Pop!_OS isn’t the best beginner Linux distro


Pop!_OS keeps getting recommended as the obvious beginner Linux distro, usually based on a few convenient defaults. It installs Nvidia drivers automatically, ships with a polished tiling workflow, and comes from System76, a company that also sells Linux laptops and desktops, which creates the impression of something closer to a vertically integrated stack.

However, if you move beyond the promotional layer and look at how the system is actually designed, a different picture appears. Pop!_OS is not really trying to be the simplest Linux system for newcomers. Instead, it is increasingly a distro built for users who already understand Linux well enough.

The burden of the vertical stack

Pop!_OS builds its own system stack

Most Linux distros follow a conservative model and assemble software from upstream projects, apply a coherent theme, and focus on stability, but Pop!_OS is moving in the opposite direction… System76 has been steadily building its own ecosystem of system components, effectively creating a vertically integrated stack that sits on top of Ubuntu.

That stack includes system services like system76-scheduler, system76-power, and the entirely new COSMIC desktop environment. Much of this code is written in Rust, which reflects System76’s emphasis on modern language safety and maintainability. From an engineering perspective, it is genuinely interesting work.

Take system76-scheduler as an example. Instead of leaving CPU scheduling entirely to the Linux kernel’s default heuristics, this daemon actively adjusts parameters in the Completely Fair Scheduler while the system is running. For developers compiling large projects or gamers trying to reduce input lag, this is actually quite clever. The system remains responsive even when CPU-heavy workloads are running in the background.

The problem is what happens when something behaves unexpectedly. A beginner trying to diagnose a performance issue is no longer dealing with standard Linux scheduling behavior. They are dealing with an additional daemon that modifies scheduler parameters dynamically. Most Linux documentation assumes the default kernel behavior but Pop!_OS quietly changes that assumption and that is usually not what beginners need.

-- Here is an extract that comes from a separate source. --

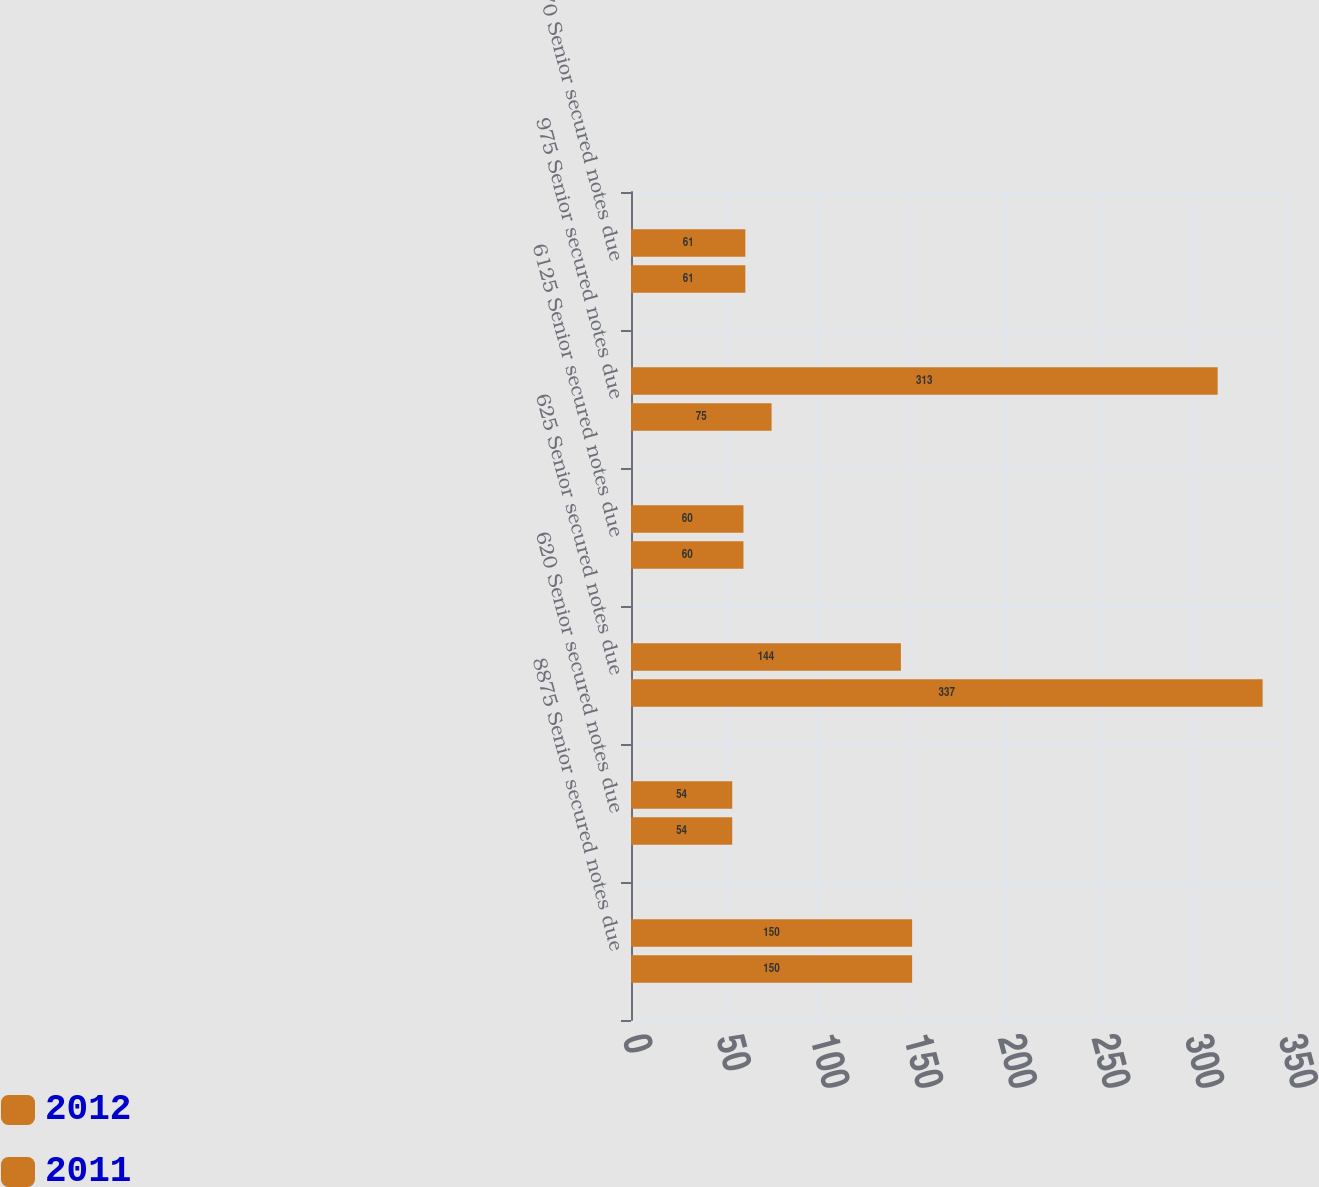Convert chart. <chart><loc_0><loc_0><loc_500><loc_500><stacked_bar_chart><ecel><fcel>8875 Senior secured notes due<fcel>620 Senior secured notes due<fcel>625 Senior secured notes due<fcel>6125 Senior secured notes due<fcel>975 Senior secured notes due<fcel>670 Senior secured notes due<nl><fcel>2012<fcel>150<fcel>54<fcel>144<fcel>60<fcel>313<fcel>61<nl><fcel>2011<fcel>150<fcel>54<fcel>337<fcel>60<fcel>75<fcel>61<nl></chart>

COSMIC and the ecosystem gap

COSMIC lacks mature ecosystem and support

The introduction of the COSMIC desktop environment amplifies this effect even further. For the past decade, the Linux desktop world has largely revolved around two major environments: GNOME and KDE Plasma. Between them, they have accumulated an enormous amount of documentation, extensions, tutorials, and community knowledge. When a user encounters a bug, chances are good that someone else has already written about it somewhere.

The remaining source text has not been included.